Spin determination of single-produced resonances at hadron colliders

TL;DR

The paper develops a model-independent framework to determine the spin and parity of a single resonance produced at the LHC by exploiting the full angular information in the decay X→ZZ→4l. It provides a general parameterization for X couplings to SM fields across spins 0, 1, and 2, derives the complete helicity amplitudes, and presents five-angle angular distributions that encode production and decay dynamics. A dedicated Monte Carlo with detector-like effects and a multivariate maximum-likelihood analysis demonstrates that, with tens to a few hundred fully reconstructed events, one can distinguish between spin hypotheses and measure helicity fractions and phases, thereby constraining the resonance’s couplings to vector bosons, fermions, and gluons. The results indicate substantial separation power (up to ~4σ) for plausible event samples and mass points, and the approach is readily extensible to other final states beyond ZZ→4ℓ.

Abstract

We study the production of a single resonance at the LHC and its decay into a pair of Z bosons. We demonstrate how full reconstruction of the final states allows us to determine the spin and parity of the resonance and restricts its coupling to vector gauge bosons. Full angular analysis is illustrated with the simulation of the production and decay chain including all spin correlations and the most general couplings of spin-zero, -one, and -two resonances to Standard Model matter and gauge fields. We note implications for analysis of a resonance decaying to other final states.

Figures (5)

• Figure 1: Illustration of an exotic $X$ particle production and decay in $pp$ collision $gg$ or $q\bar{q}\to X\to ZZ\to 4l^\pm$. Six angles fully characterize orientation of the decay chain: $\theta^*$ and $\Phi^*$ of the first $Z$ boson in the $X$ rest frame, two azimuthal angles $\Phi$ and $\Phi_1$ between the three planes defined in the $X$ rest frame, and two $Z$-boson helicity angles $\theta_1$ and $\theta_2$ defined in the corresponding $Z$ rest frames.

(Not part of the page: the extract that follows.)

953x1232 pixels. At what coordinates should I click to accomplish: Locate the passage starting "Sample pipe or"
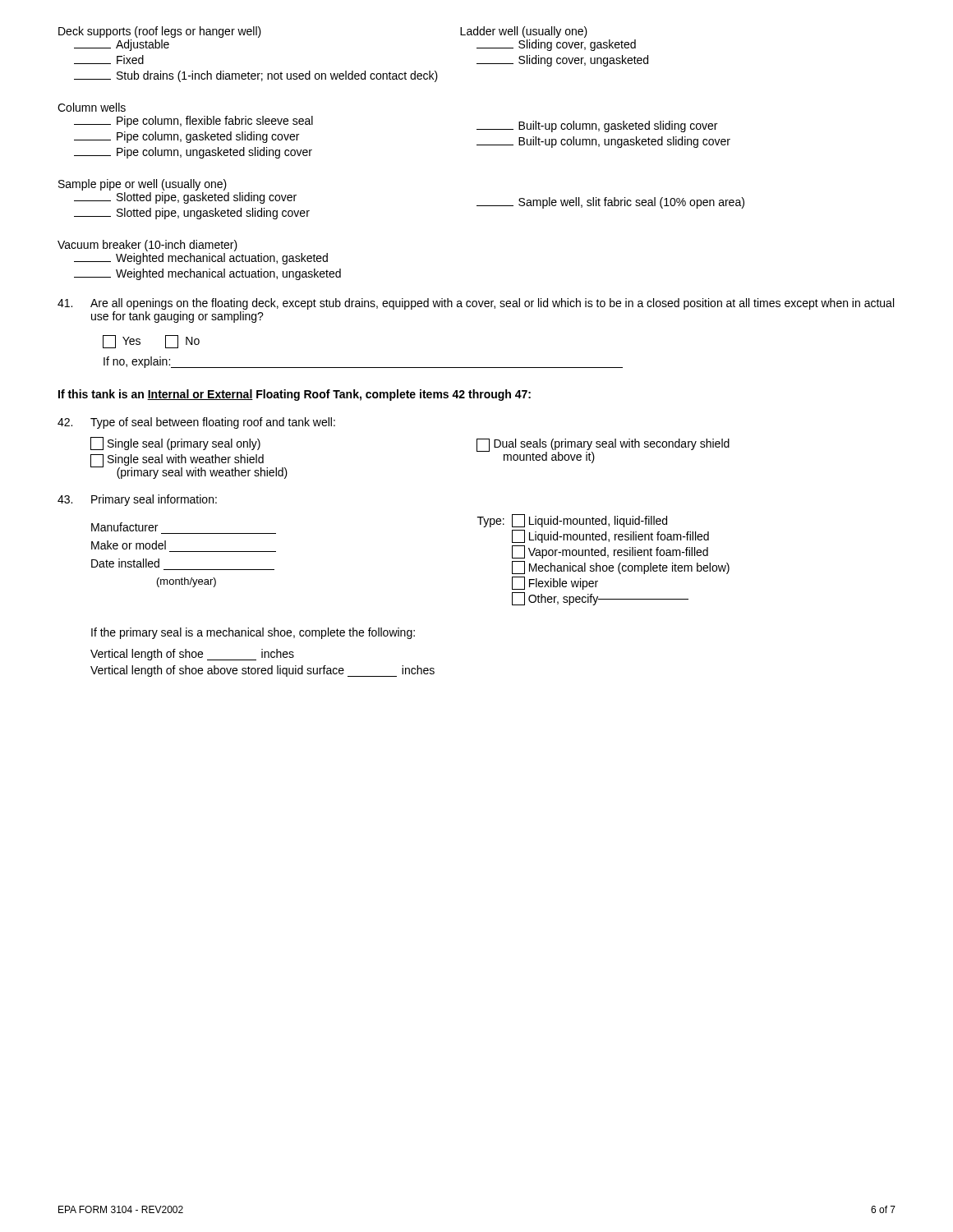476,200

The offset of angle $\Phi^*$ is arbitrarily defined and therefore this angle is not shown.
• Figure 2: Distribution of the $\cos\theta^*$ (left), $\Phi_1$ (second from the left), $\cos\theta_1$ and $\cos\theta_2$ (second from the right), and $\Phi$ (right) generated for $m_{ X}=250$ GeV with the program discussed in the text (unweighted events shown as points with error bars) and projections of the ideal angular distributions given in the text (smooth lines). The four sets of plots from top to bottom show the models discussed in Table \ref{['table-scenarios']} for spin-zero $0^+$ and $0^-$ (top), spin-one $1^+$ and $1^-$ (second row from top), spin-two $2_m^+$, $2_L^+$, and $2^-$ (third row from top), and the bottom row shows distributions in background generated with Madgraph (points with error bars) and empirical shape (smooth lines). The $J^+$ distributions are shown with solid red points and $J^-$ distributions are shown with open blue points, while the $2_m^+$ and $2_L^+$ are shown with red circles and green squares, respectively.
• Figure 3: Distribution of the $\cos\theta^*$ (left) and $\Phi_1$ (right) for the case of spin-zero resonance production $gg\to X\to ZZ$. The mass of the resonance is $m_{ X}=250$ GeV (solid points) and 1 TeV (open points). Detector acceptance effects are taken into account, see text for details. Lines show empirical parameterization.
• Figure 4: Distribution of ${2\ln({\cal L}_1/{\cal L}_2)}$ with the likelihood ${\cal L}$ evaluated for two models $k=1,2$ and shown for 1000 generated experiments with the MC events generated according to model one ($k=1$, open dots) and model two ($k=2$, solid dots). Left plot: $0^+$ vs. $0^-$; right plot: $0^+$ vs. $2_m^+$. Effective signal hypothesis separation power ${\cal S}$ is 4.1 (left plot) and 2.8 (right plot).
• Figure 5: Top: distribution of the number of fitted signal events $n_{\rm sig}$ (left) and the fraction of transverse component in the decay amplitude $(f_{++}+f_{--})$ (right) in 1000 generated experiments with $0^+$ hypothesis corresponding to Table \ref{['table-fit-test1']}. Bottom: distribution of the above parameters normalized by the fit errors.